Workers at work | Photo credit: Madhurya Creations

“River sand, white cement, naturally colored oxides and water go into this distinctive traditional artisan tile that requires no electricity or firing. They are immersed in water for drying and dried in the shade later,” explains Mohan Iyer, who heads the Athangudi production unit at SSRDP. “This unit was officially launched at the end of 2021 under the leadership of Sri Ravishankar to encourage Athangudi artisans to produce them manually in South Bengaluru to help locals to procure and maintain the art. Only with an increasing number of artisans will the art be practiced. Today, with so many contemporary choices, it’s hard to keep our indigenous craftsmanship alive and provide options for customers,” says Mr. Iyer, who has a background in civil maintenance and renovation.

Perfecting the technique

Being a handmade tile, its production certainly requires skill and dexterity. Because, a minor error and the defect of the tile is so pronounced that it makes it unsuitable for laying. Yet, interestingly, the pose looks quite simple when watched, with the procedure starting with deciding the design and creating the frame for it.

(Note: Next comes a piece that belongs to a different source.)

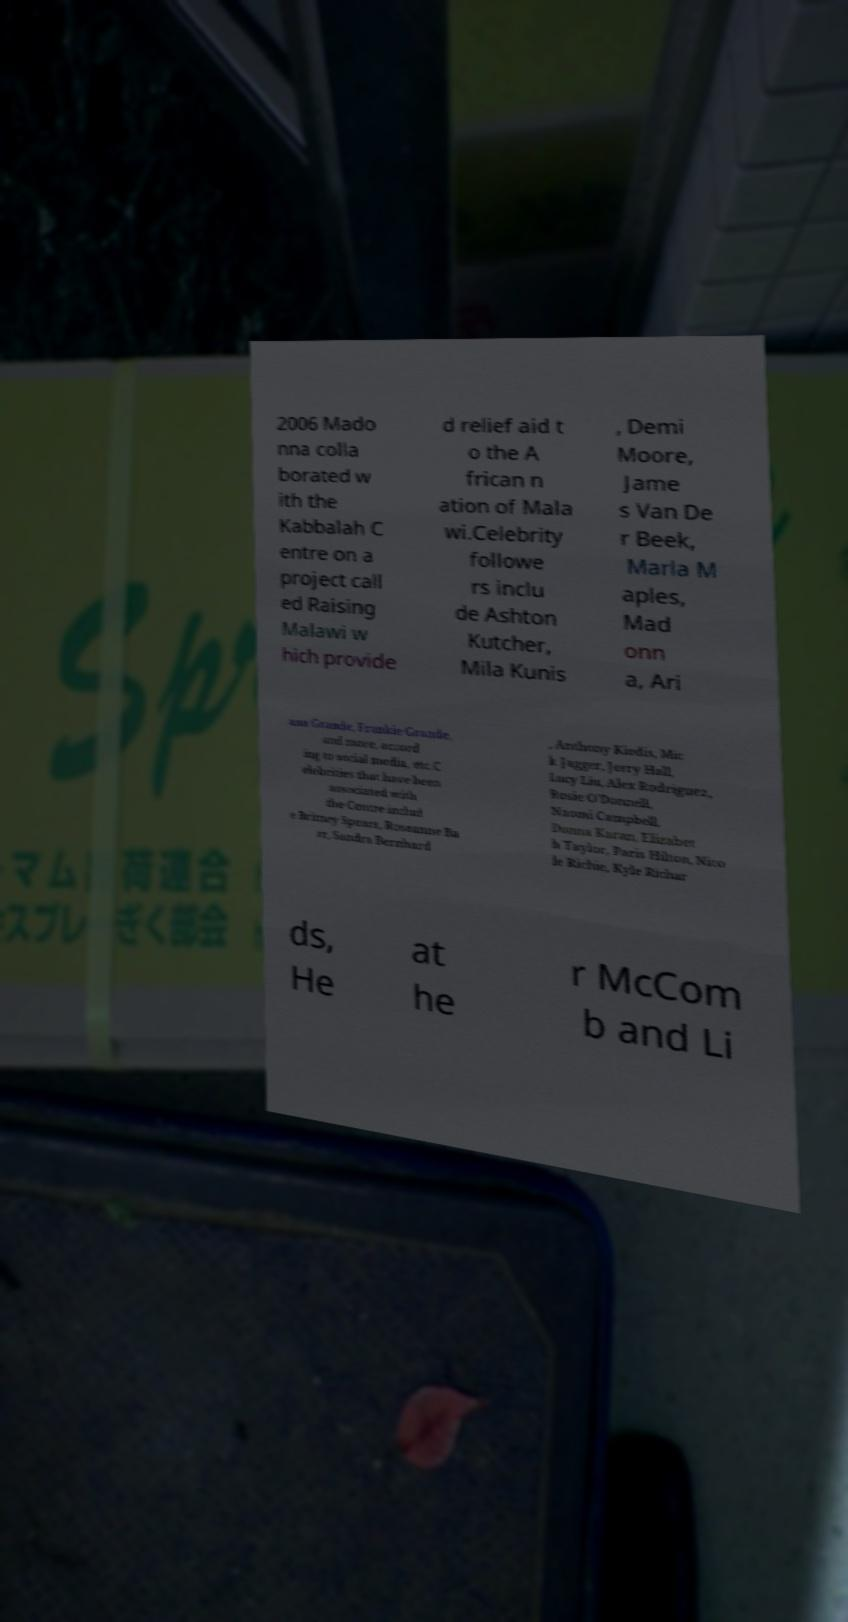Could you assist in decoding the text presented in this image and type it out clearly? 2006 Mado nna colla borated w ith the Kabbalah C entre on a project call ed Raising Malawi w hich provide d relief aid t o the A frican n ation of Mala wi.Celebrity followe rs inclu de Ashton Kutcher, Mila Kunis , Demi Moore, Jame s Van De r Beek, Marla M aples, Mad onn a, Ari ana Grande, Frankie Grande, and more, accord ing to social media, etc.C elebrities that have been associated with the Centre includ e Britney Spears, Roseanne Ba rr, Sandra Bernhard , Anthony Kiedis, Mic k Jagger, Jerry Hall, Lucy Liu, Alex Rodriguez, Rosie O'Donnell, Naomi Campbell, Donna Karan, Elizabet h Taylor, Paris Hilton, Nico le Richie, Kyle Richar ds, He at he r McCom b and Li

The making begins with a glass plate on which the chosen frame is placed. Brightly colored oxides are skillfully poured into the frame, with different colors poured into each slot many times, taking care to ensure zero spillage of the wrong colors into the wrong slots. The oxides are then covered with a mixture of mud and cement and left to harden. The dried and set tile is then soaked in water for three days, after which it is dried in the shade for a week to ten days before being ready for shipment.

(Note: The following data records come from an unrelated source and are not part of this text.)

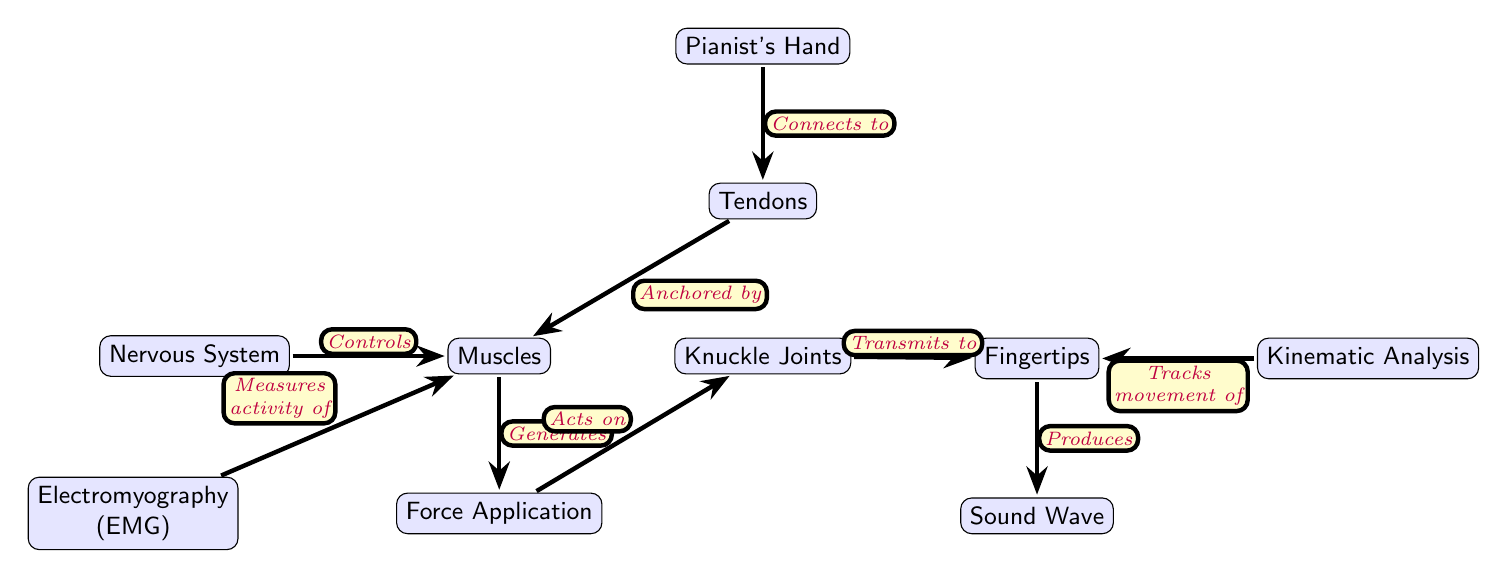What's the total number of nodes in the diagram? By inspecting the diagram, we can count all the distinct nodes present, which includes: "Pianist's Hand," "Tendons," "Muscles," "Fingertips," "Knuckle Joints," "Nervous System," "Force Application," "Electromyography," "Kinematic Analysis," and "Sound Wave." This totals to 10 nodes.
Answer: 10 What connects to "Tendons"? The edge labeled "Connects to" leads from "Pianist's Hand" to "Tendons," indicating that the pianist's hand directly connects to the tendons.
Answer: Pianist's Hand How are "Muscles" and "Force Application" related? The diagram shows a direct edge from "Muscles" to "Force Application" labeled "Generates." This indicates that the muscles generate the force that is then applied.
Answer: Generates Which node measures the activity of "Muscles"? The edge leading from "Electromyography" to "Muscles" is labeled "Measures activity of," meaning electromyography is the tool that measures muscle activity.
Answer: Electromyography What effect does "Force Application" have on "Knuckle Joints"? The diagram indicates that "Force Application" "Acts on" the "Knuckle Joints." This means that the force applied by the muscles directly affects the knuckle joints' movement and function.
Answer: Acts on Which node controls the "Muscles"? The edge from "Nervous System" to "Muscles" is labeled "Controls," showing that the nervous system has a regulatory role over muscle function.
Answer: Nervous System How does the "Fingertips" produce "Sound Wave"? The "Fingertips" have an edge directed to "Sound Wave," labeled "Produces," indicating that the interaction and movement at the fingertips result in the production of sound waves when playing the piano.
Answer: Produces What tracks the movement of "Fingertips"? The edge from "Kinematic Analysis" to "Fingertip" is labeled "Tracks movement of," suggesting that kinematic analysis is responsible for monitoring or analyzing the movements of the fingertips during performance.
Answer: Tracks movement of Describe the flow of information from "Nervous System" to "Sound Wave." Starting from the "Nervous System," it controls the "Muscles," which generate a force that is applied to the "Knuckle Joints." The joints then transmit this force to the "Fingertips," which ultimately produce a "Sound Wave." This shows a clear pathway of control leading to sound production.
Answer: Nervous System to Muscles to Force Application to Knuckle Joints to Fingertips to Sound Wave

The laying begins with a layer of wet cement and a mixture of mud on which thick cement milk is poured evenly before laying the tiles. Twenty-four hours after laying the tiles, the newly laid tiles are washed with water and another layer of cement milk is poured to seal the gaps between the tiles. This is followed by a coat of dry, colored cement which is then wiped away to reveal well filled spaces. The procedure ends with the final layer of grain dust which remains for a week. The tiled floor is then ready for use with a clean soap wash, revealing pure art on the floor.

It’s laborious

SSRDP has manufactured nearly 15,000 square feet of Athangudi tiles since Navaratri 2021. “It’s laborious, a unit of four can make 200 tiles a day and they make them standing, meticulously using natural colored oxides for each tile” , explains Mr. Iyer adding that oxides of red, yellow, green, blue, black and white colors are available, with more shades available by mixing these hues.

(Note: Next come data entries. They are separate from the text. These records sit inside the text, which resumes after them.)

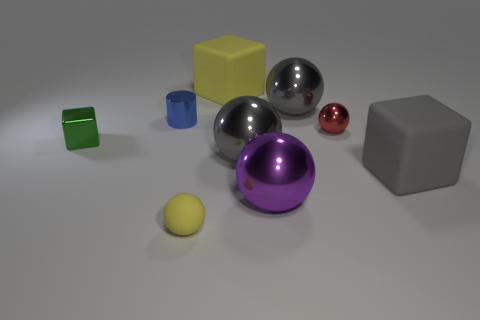Is there anything else that has the same shape as the tiny blue metal object?
Keep it short and to the point. No. Is there a gray thing of the same size as the purple metallic ball?
Give a very brief answer. Yes. Is the color of the matte cube that is in front of the small green shiny object the same as the metallic block?
Give a very brief answer. No. There is a rubber object that is left of the purple metallic object and in front of the tiny shiny block; what color is it?
Make the answer very short. Yellow. There is a blue metal object that is the same size as the yellow ball; what shape is it?
Give a very brief answer. Cylinder. Is there another tiny blue thing of the same shape as the blue metallic object?
Provide a short and direct response. No. There is a ball behind the cylinder; is it the same size as the large gray block?
Your response must be concise. Yes. There is a metallic object that is in front of the small blue object and left of the yellow cube; how big is it?
Offer a terse response. Small. What number of other things are the same material as the blue object?
Your response must be concise. 5. What size is the yellow rubber thing behind the tiny rubber ball?
Your response must be concise. Large. 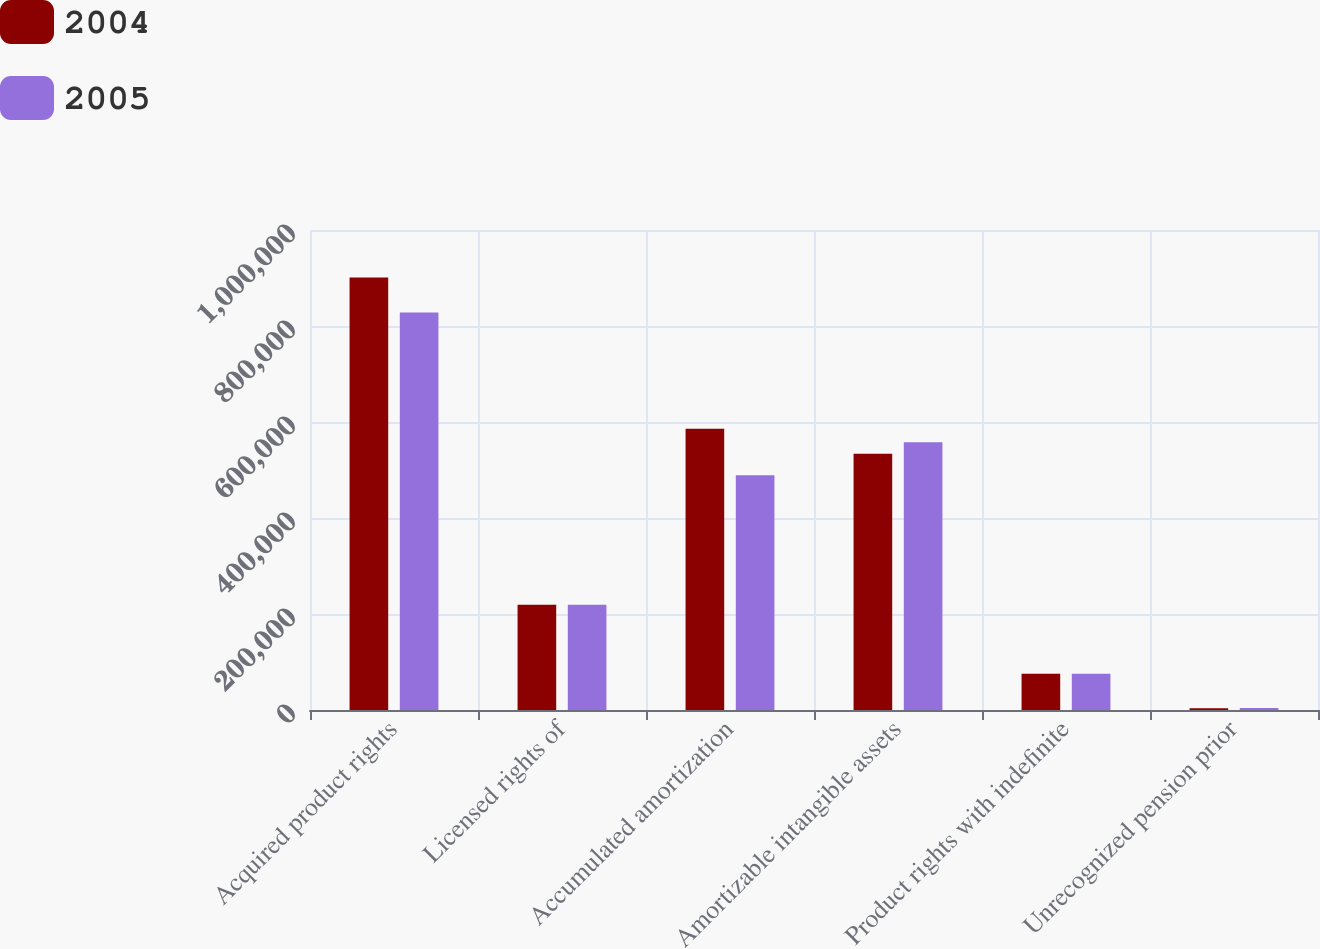Convert chart to OTSL. <chart><loc_0><loc_0><loc_500><loc_500><stacked_bar_chart><ecel><fcel>Acquired product rights<fcel>Licensed rights of<fcel>Accumulated amortization<fcel>Amortizable intangible assets<fcel>Product rights with indefinite<fcel>Unrecognized pension prior<nl><fcel>2004<fcel>900891<fcel>219071<fcel>586022<fcel>533940<fcel>75738<fcel>3755<nl><fcel>2005<fcel>828186<fcel>219071<fcel>489238<fcel>558019<fcel>75738<fcel>4172<nl></chart>

Athangudi tiles are available in 10″x10″ and as baseboards and borders in 10″x5″. Border tiles give the floor the appearance of a carpet. Ask Mr. Iyer about the most common complaints of cracks developed over time with Athangudi tiles, and he travels back to the days of red oxide flooring that has stood the test of time for centuries. “It’s the same technology used in the form of tiles in Athangudi. But there are more patterns and designs brought in. The tiles help not to have corrugated flooring as seen in red oxide. Cracks, to a large extent, can be avoided if the tiles have been cured exactly, in the right process. It is after all handmade so imperfections cannot be avoided although they can be minimized with carefully followed processes. Even natural marble is porous, so it’s in the way we celebrate the natural and the handmade,” says Mr. Iyer, adding that even the hairline cracks in Athangudi tiles are being accepted by people as a new pattern. . Maintenance is easy with regular brushing, he says, while adding a few drops of coconut oil once a month while mopping leaves the floor with a better shine.


Ahangudi tiles cost ₹80 per square foot with 144 tiles making up 100 square feet. Installation costs are extra. Customers can also come and choose their pattern and colors at the SSRDP unit, says Iyer.